Preparation of the attack payload. Create or get a tool for the attack.

Question 4

Delivery

Answer 4

Find a way to deliver the payload to the target. This can be done through phishing and drive-by download.

Question 5

Exploitation

Answer 5

Trigger the payload

Question 6

Installation

Answer 6

Installation of a backdoor or Remote access trojan to maintain access

Question 7

Command and Control

Answer 7

Establish infrastructure to enable C2 access to the compromised host

Question 8

Actions on objectives

Answer 8

You have access to your target device and can now fulfill your goal. Ransom and data exfiltration.

Question 9

Information gathering

Answer 9

Gather information from open sources (OSINT).

Question 10

Enumeration

Answer 10

Scan the target to get more information about its technical properties:
* Look for open ports.
* Trying to figure out what software targets are running.

Question 11

Exploitation

Answer 11

About finding and using vulnerabilities. You try to access the systems, which often involves using or building exploits.

Question 12

Privilege Escalation

Answer 12

Expanding your access to the system.

• Horizontal: You gain access to another account with similar permissions.
• Vertical: You gain access to accounts with other different permissions.

Question 13

Post-exploitation

Answer 13

When an attacker would realize their attack objective.

Question 14

Black-box pentest

Answer 14

When the pentester have no knowledge about the attack target.

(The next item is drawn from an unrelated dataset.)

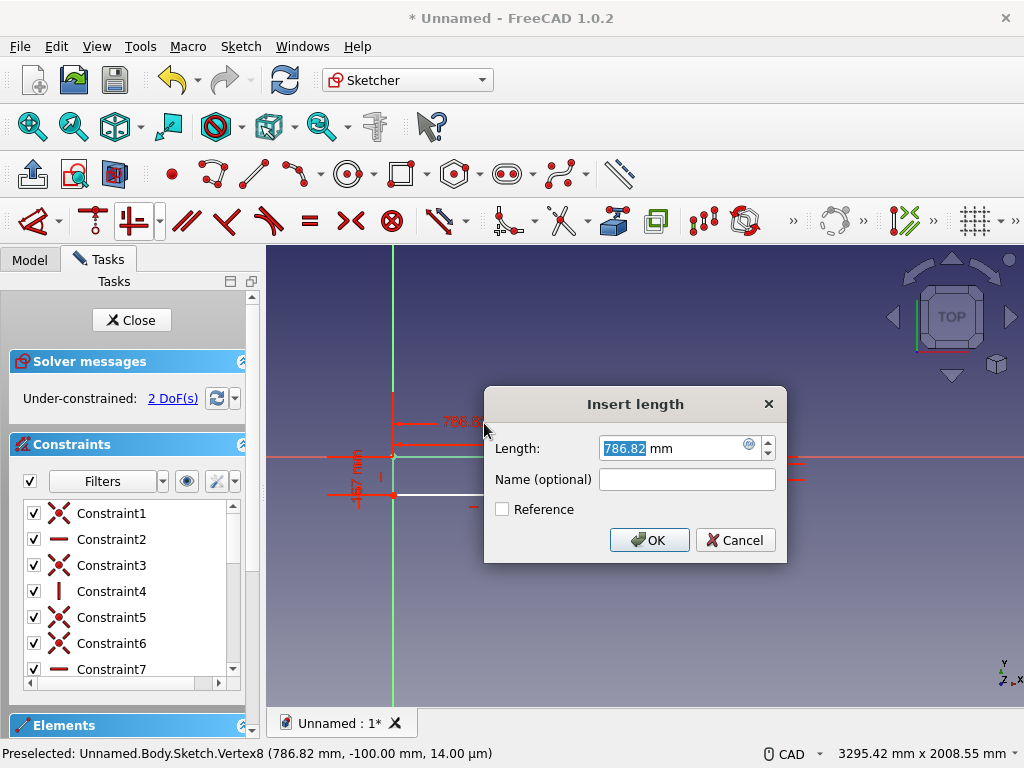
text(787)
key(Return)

• Most similar to a real attack
• Able to capture ” reconnaissance” aspects of an attack
• Often time-consuming, and expensive
• Since the pentester is unaware of how the target works, attack
  surfaces may be missed

Question 15

Grey-box pentest

Answer 15

Pentester has some knowledge about the attack target.

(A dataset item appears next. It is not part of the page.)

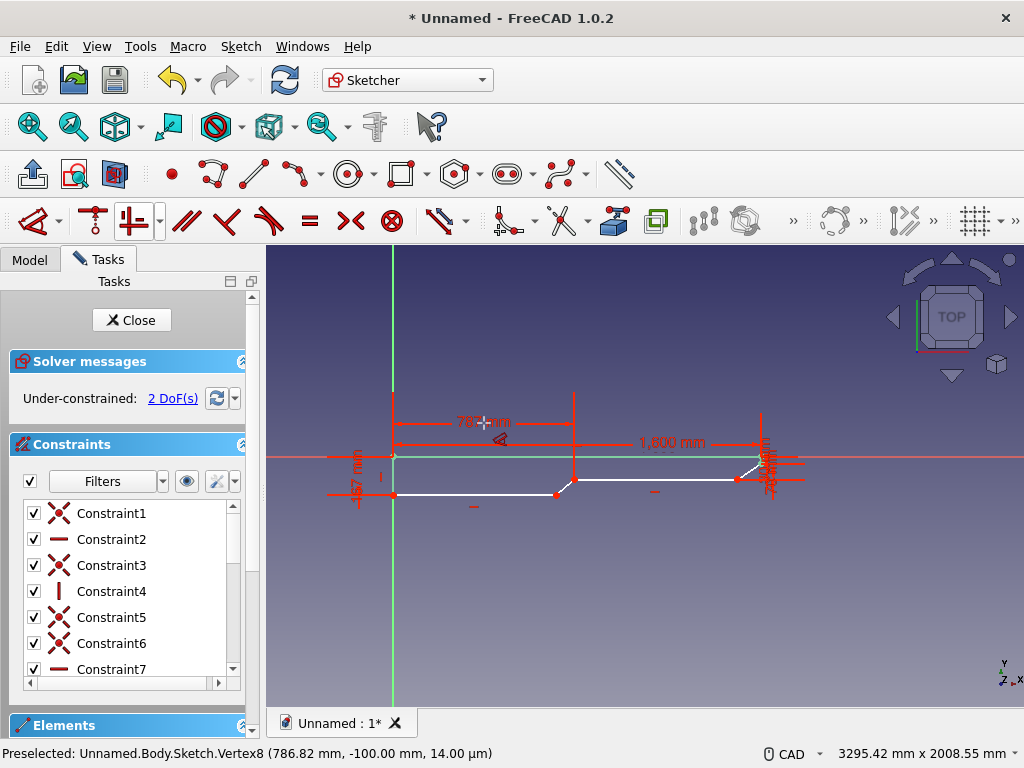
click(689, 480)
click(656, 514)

• Can speed up the test and therefore limit costs
• Can target certain aspects of the test target

Question 16

White-box pentest

Answer 16

Pentester has access to full knowledge about the target’s inner workings.

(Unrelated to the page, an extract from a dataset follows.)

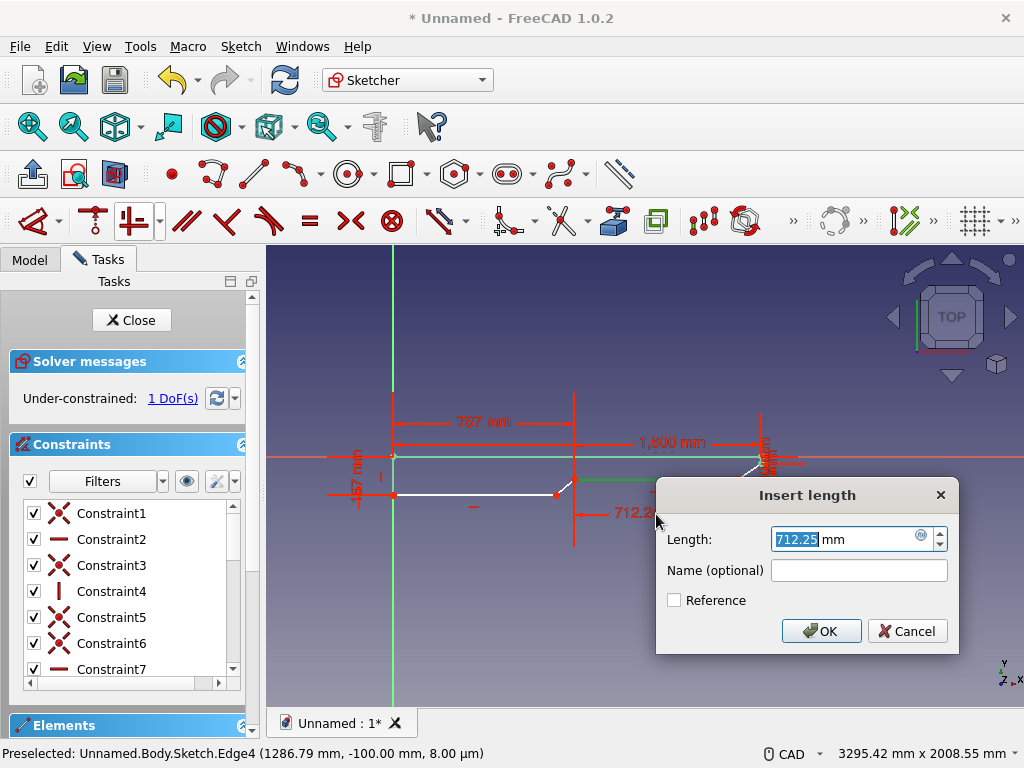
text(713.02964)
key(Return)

• Typically used for detailed testing of the functionality of the target
  and expected behavior
• Allows for the entire attack surface to be evaluated

Question 17

Disclosure ethics

Answer 17

To maximize both interest, it is typical to work under a responsible
disclosure policy comprising the following steps

• Discovery of a vulnerability
• Report the vulnerability to the concerned vendor or organization
• Verification of the vulnerability by the recipient
• Remediation of the vulnerability by the vendor
• Disclosure of the vulnerability once the fix is ready

Question 18

What is Shodan?

Answer 18

Online tool for searching for devices connected to the internet

Question 19

MAPE-K

Answer 19

• Monitor
• Analyze
• Plan
• Execute

Question 20

What are the two broad methods for data analysis?

Answer 20

• Misuse detection
• Anomaly detection

Question 21

Misuse Detection

Answer 21

Will match signature of bad, and report when a hit is found.

• It’s cheap and easy to implement.
• Has a hard time identifying new events.

Question 22

Anomaly detection

Answer 22

About finding deviations from normal system operations.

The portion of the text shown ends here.